Text: “Last Tuesday Sara showed off her new Framework 16 (she paid $2,099 for the AMD build), while Marcus insisted his 2022 iPad Mini at around $500 was still fine. A cousin dropped by with an Apple Watch Ultra 2 (I think she said it was $799) and started arguing that the Pixel 9 Pro, which came out last year, was overpriced at $999. By the end of the night someone mentioned the rumor about a foldable Surface device coming in 2026, but nothing was confirmed.”
Results
| Model | Latency (ms) | Input tokens | Output tokens | Cost (USD) | Verdict |
|---|---|---|---|---|---|
| Claude Haiku 4.5 | 1517 | 206 | 196 | 0.00119 | Extracted 4 products; missed Pixel release year inference |
| Claude Sonnet 4.6 | 11006 | 206 | 333 | 0.00561 | Complete and accurate; inferred Pixel 2024 from context; included reasoning notes |
| Claude Opus 4.7 | 3134 | 285 | 222 | 0.02093 | Complete and accurate; inferred Pixel 2024; silent extraction |
Analysis
Claude Haiku 4.5 correctly identified and extracted all four confirmed products: Framework 16 (laptop, $2,099), iPad Mini (tablet, $500, 2022), Apple Watch Ultra 2 (wearable, $799), and Pixel 9 Pro (phone, $999). The categories, explicit prices, and the iPad’s stated release year were all captured accurately. However, Haiku set Pixel 9 Pro’s release_year to null, failing to infer from the phrase “which came out last year” that the device was released in 2024. The model took a conservative stance, including only facts explicitly stated rather than reasoning about temporal context. For extraction tasks involving real-world data, this is a material gap.

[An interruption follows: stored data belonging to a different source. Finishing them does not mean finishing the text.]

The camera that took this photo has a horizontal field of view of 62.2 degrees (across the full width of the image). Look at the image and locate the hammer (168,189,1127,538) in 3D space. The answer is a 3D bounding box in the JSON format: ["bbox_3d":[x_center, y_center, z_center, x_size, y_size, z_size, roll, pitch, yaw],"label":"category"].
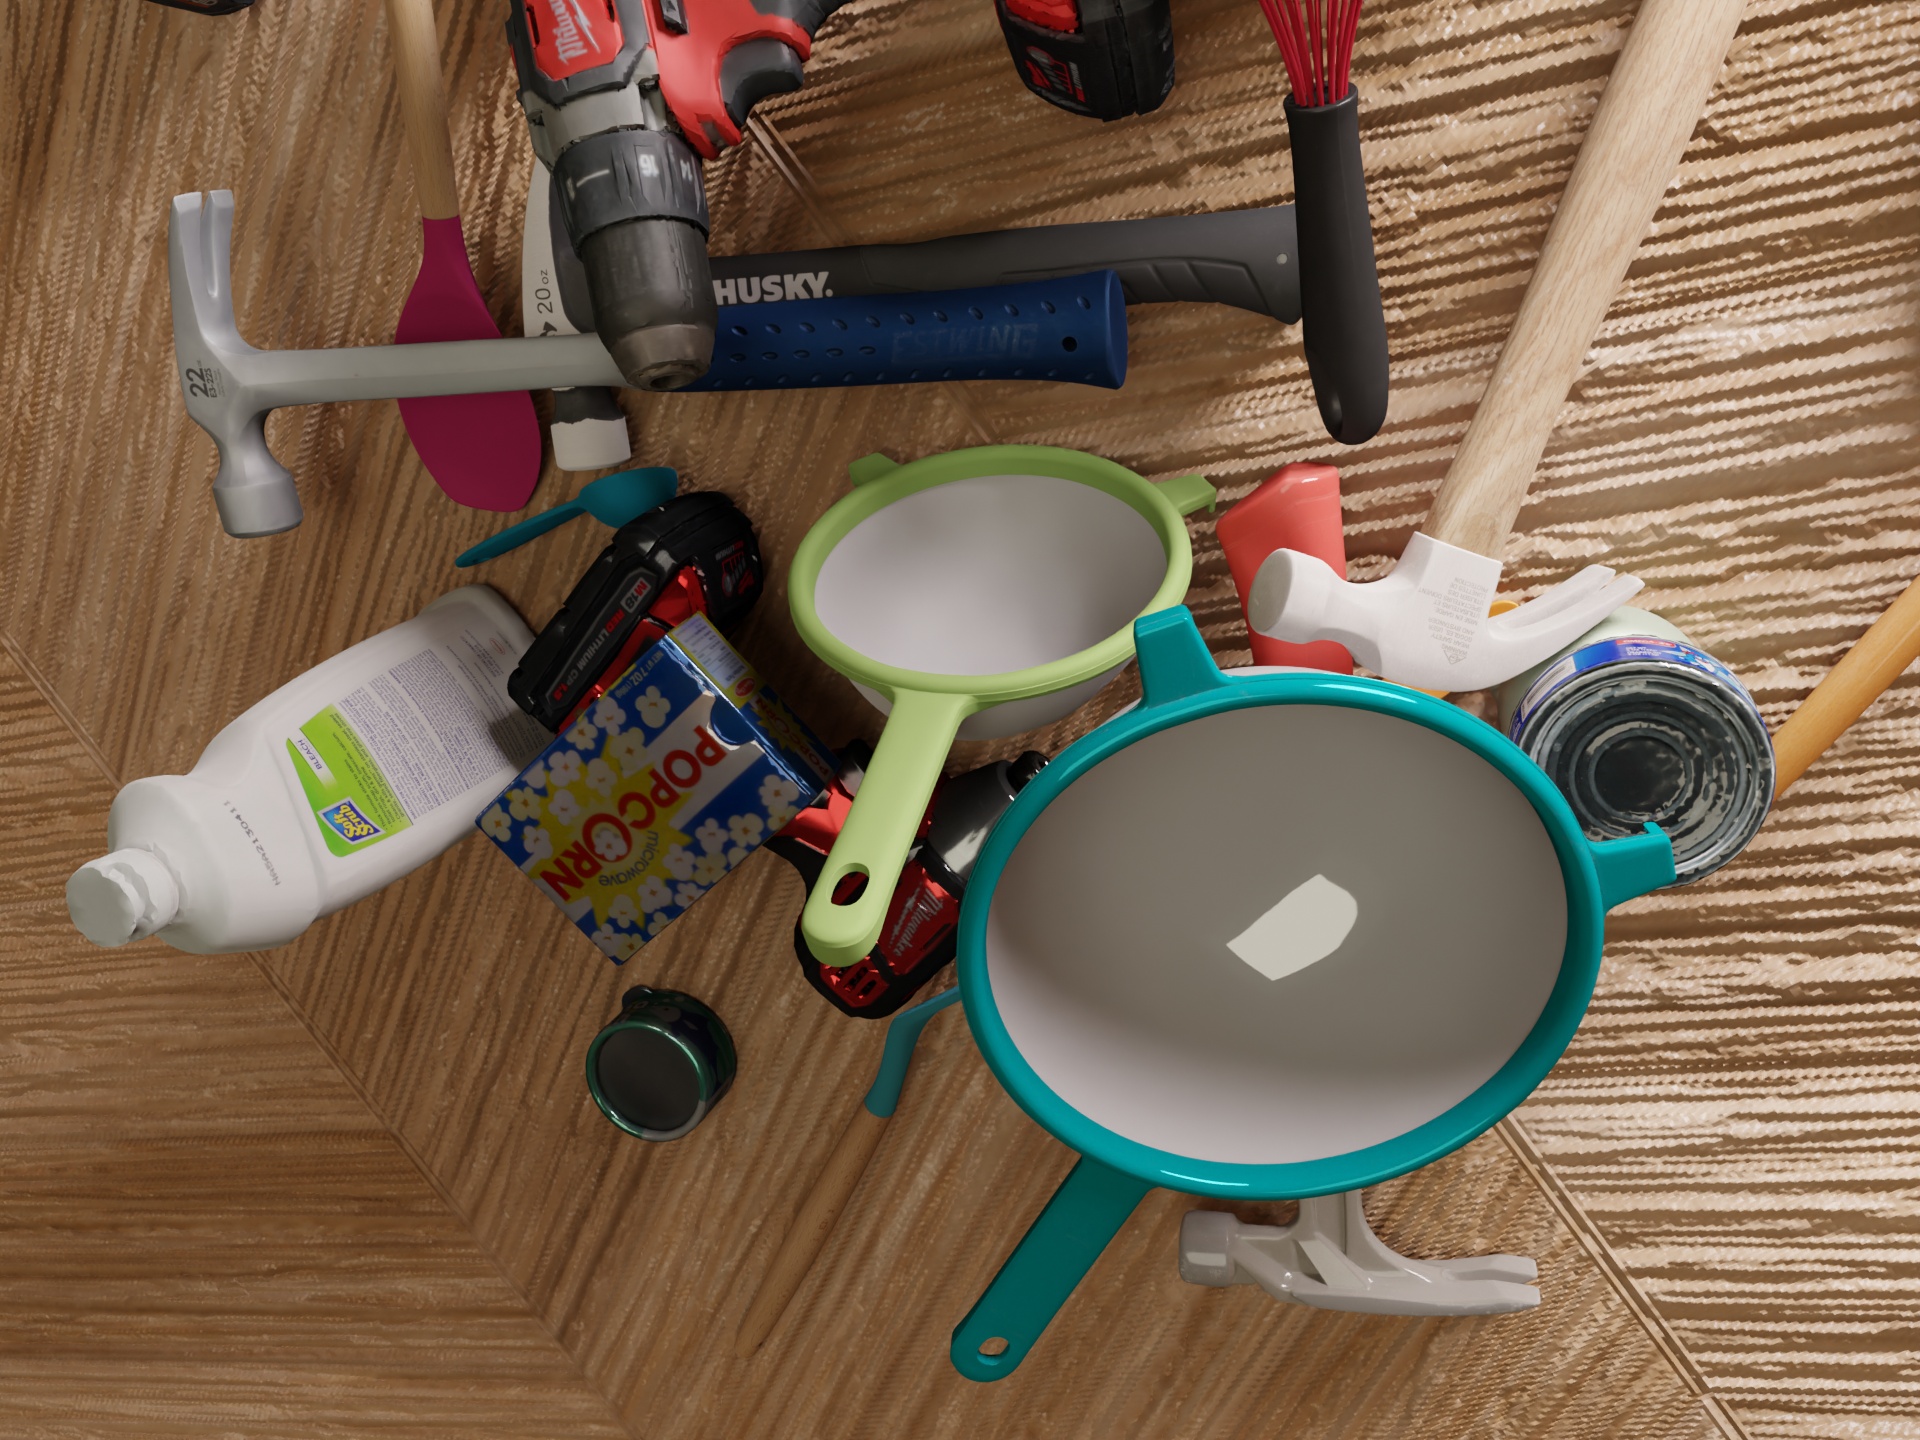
[{"bbox_3d":[-0.138,-0.148,0.627,0.405,0.035,0.144,1,113,17],"label":"hammer"}]

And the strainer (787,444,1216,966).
[{"bbox_3d":[-0.001,-0.002,0.574,0.151,0.257,0.069,6,136,16],"label":"strainer"}]

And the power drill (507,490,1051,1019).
[{"bbox_3d":[-0.068,0.012,0.675,0.219,0.078,0.143,43,114,-1],"label":"power drill"}]

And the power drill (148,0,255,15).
[{"bbox_3d":[-0.271,-0.390,0.616,0.226,0.084,0.164,-41,91,20],"label":"power drill"}]

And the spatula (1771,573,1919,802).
[{"bbox_3d":[0.352,-0.083,0.527,0.081,0.041,0.322,15,123,-23],"label":"spatula"}]

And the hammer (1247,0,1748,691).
[{"bbox_3d":[0.215,-0.164,0.532,0.130,0.031,0.331,15,106,-17],"label":"hammer"}]

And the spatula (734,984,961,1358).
[{"bbox_3d":[-0.041,0.204,0.737,0.044,0.082,0.317,39,120,21],"label":"spatula"}]

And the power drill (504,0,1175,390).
[{"bbox_3d":[-0.043,-0.226,0.548,0.226,0.080,0.188,-12,85,9],"label":"power drill"}]

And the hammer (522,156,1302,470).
[{"bbox_3d":[-0.021,-0.178,0.622,0.335,0.035,0.146,1,107,18],"label":"hammer"}]

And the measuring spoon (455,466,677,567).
[{"bbox_3d":[-0.176,-0.081,0.701,0.128,0.042,0.021,-18,87,30],"label":"measuring spoon"}]

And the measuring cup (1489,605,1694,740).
[{"bbox_3d":[0.234,0.041,0.602,0.083,0.038,0.167,11,107,15],"label":"measuring cup"}]

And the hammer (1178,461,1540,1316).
[{"bbox_3d":[0.151,0.078,0.633,0.149,0.037,0.359,-1,108,16],"label":"hammer"}]

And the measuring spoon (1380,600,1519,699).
[{"bbox_3d":[0.171,-0.009,0.626,0.117,0.011,0.021,-41,94,21],"label":"measuring spoon"}]

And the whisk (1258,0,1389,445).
[{"bbox_3d":[0.109,-0.212,0.491,0.073,0.073,0.295,-2,132,19],"label":"whisk"}]

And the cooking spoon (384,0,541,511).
[{"bbox_3d":[-0.213,-0.229,0.640,0.069,0.017,0.318,10,125,13],"label":"cooking spoon"}]

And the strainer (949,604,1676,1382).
[{"bbox_3d":[0.079,0.110,0.590,0.211,0.095,0.340,23,118,-10],"label":"strainer"}]
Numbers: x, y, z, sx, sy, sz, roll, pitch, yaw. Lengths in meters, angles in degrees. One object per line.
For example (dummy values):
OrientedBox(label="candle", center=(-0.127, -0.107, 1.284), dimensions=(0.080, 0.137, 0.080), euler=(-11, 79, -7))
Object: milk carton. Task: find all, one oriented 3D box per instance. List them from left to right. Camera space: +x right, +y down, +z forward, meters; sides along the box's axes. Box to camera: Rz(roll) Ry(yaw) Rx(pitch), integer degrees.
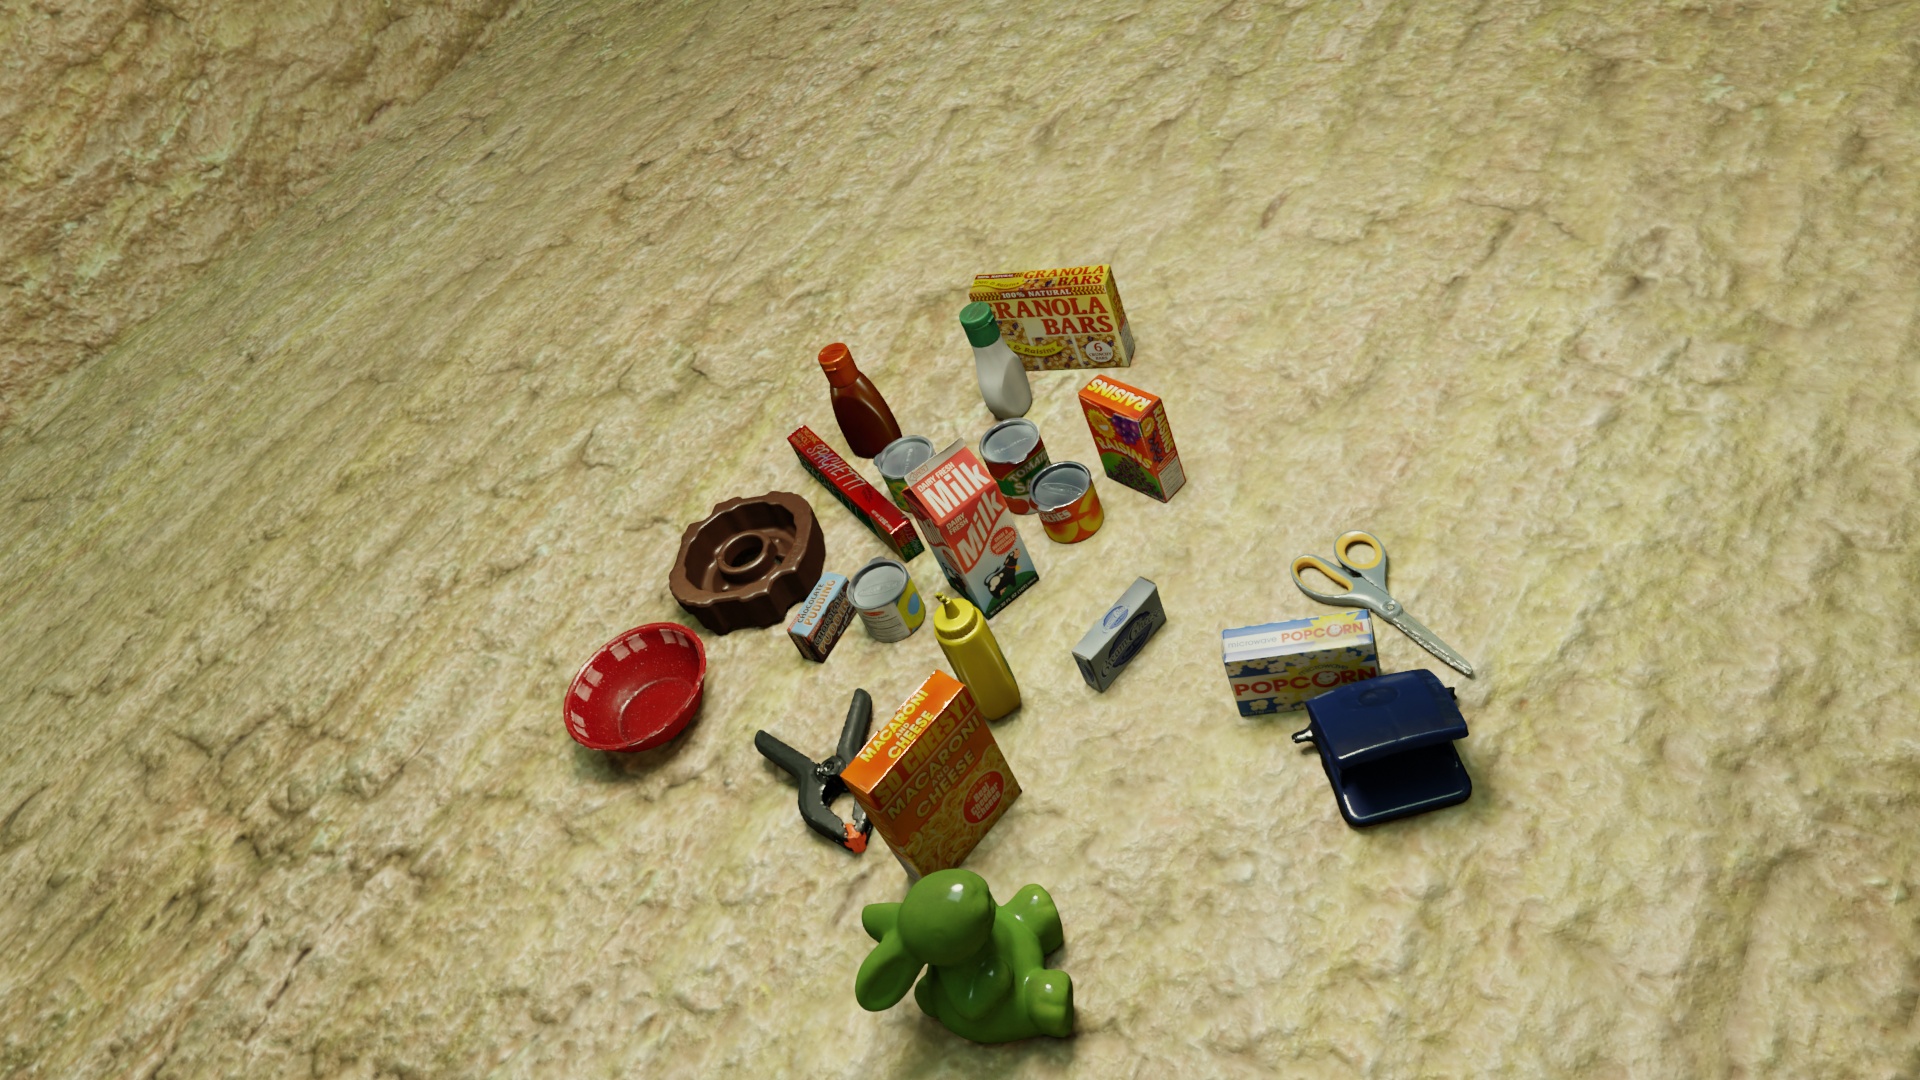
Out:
OrientedBox(label="milk carton", center=(0.005, -0.017, 1.369), dimensions=(0.072, 0.189, 0.073), euler=(-38, 45, -12))

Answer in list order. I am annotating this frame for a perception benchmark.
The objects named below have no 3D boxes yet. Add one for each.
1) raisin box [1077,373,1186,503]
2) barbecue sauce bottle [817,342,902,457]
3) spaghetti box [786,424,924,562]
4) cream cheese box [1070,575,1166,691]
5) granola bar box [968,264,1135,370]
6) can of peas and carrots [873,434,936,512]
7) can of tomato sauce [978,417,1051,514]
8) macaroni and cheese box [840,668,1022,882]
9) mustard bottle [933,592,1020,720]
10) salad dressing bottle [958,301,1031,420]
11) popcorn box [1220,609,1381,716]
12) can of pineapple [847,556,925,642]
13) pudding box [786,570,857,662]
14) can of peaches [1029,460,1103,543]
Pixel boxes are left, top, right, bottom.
OrientedBox(label="raisin box", center=(0.176, -0.104, 1.425), dimensions=(0.040, 0.123, 0.086), euler=(-43, 46, -18))
OrientedBox(label="barbecue sauce bottle", center=(-0.120, -0.160, 1.594), dimensions=(0.065, 0.148, 0.044), euler=(-4, 47, 21))
OrientedBox(label="spaghetti box", center=(-0.122, -0.057, 1.567), dimensions=(0.029, 0.050, 0.251), euler=(-37, 44, -12))
OrientedBox(label="cream cheese box", center=(0.150, 0.088, 1.302), dimensions=(0.024, 0.053, 0.104), euler=(27, 63, 40))
OrientedBox(label="granola bar box", center=(0.107, -0.255, 1.601), dimensions=(0.165, 0.123, 0.039), euler=(1, 49, 25))
OrientedBox(label="can of peas and carrots", center=(-0.054, -0.073, 1.546), dimensions=(0.071, 0.058, 0.071), euler=(-13, 45, 13))
OrientedBox(label="can of tomato sauce", center=(0.065, -0.077, 1.479), dimensions=(0.071, 0.082, 0.071), euler=(-13, 45, 13))
OrientedBox(label="macaroni and cheese box", center=(-0.022, 0.207, 1.183), dimensions=(0.040, 0.165, 0.124), euler=(25, 62, 39))
OrientedBox(label="mustard bottle", center=(0.010, 0.099, 1.277), dimensions=(0.049, 0.159, 0.065), euler=(-30, 43, -5))
OrientedBox(label="salad dressing bottle", center=(0.038, -0.202, 1.564), dimensions=(0.044, 0.147, 0.064), euler=(10, 53, 31))
OrientedBox(label="popcorn box", center=(0.294, 0.107, 1.196), dimensions=(0.126, 0.085, 0.038), euler=(-10, 45, 16))
OrientedBox(label="can of pineapple", center=(-0.075, 0.061, 1.427), dimensions=(0.071, 0.057, 0.071), euler=(-13, 45, 13))
OrientedBox(label="pudding box", center=(-0.142, 0.079, 1.445), dimensions=(0.030, 0.049, 0.084), euler=(11, 54, 32))
OrientedBox(label="can of peaches", center=(0.109, -0.038, 1.438), dimensions=(0.071, 0.057, 0.071), euler=(-13, 45, 13))

Claude Sonnet 4.6 produced identical output to Haiku except for one critical difference: it inferred Pixel 9 Pro’s release_year as 2024 by reasoning that if the conversation takes place in 2025 (implied by “last year”), then “last year” equals 2024. Sonnet also provided a second output block with explicit reasoning notes explaining why the foldable Surface was excluded (unconfirmed rumor), why the Pixel year was inferred (temporal logic), and why other fields were set to null (no data provided). This transparency is useful for debugging and validation, though it slightly inflates token count and latency. Sonnet’s core extraction was complete and correct.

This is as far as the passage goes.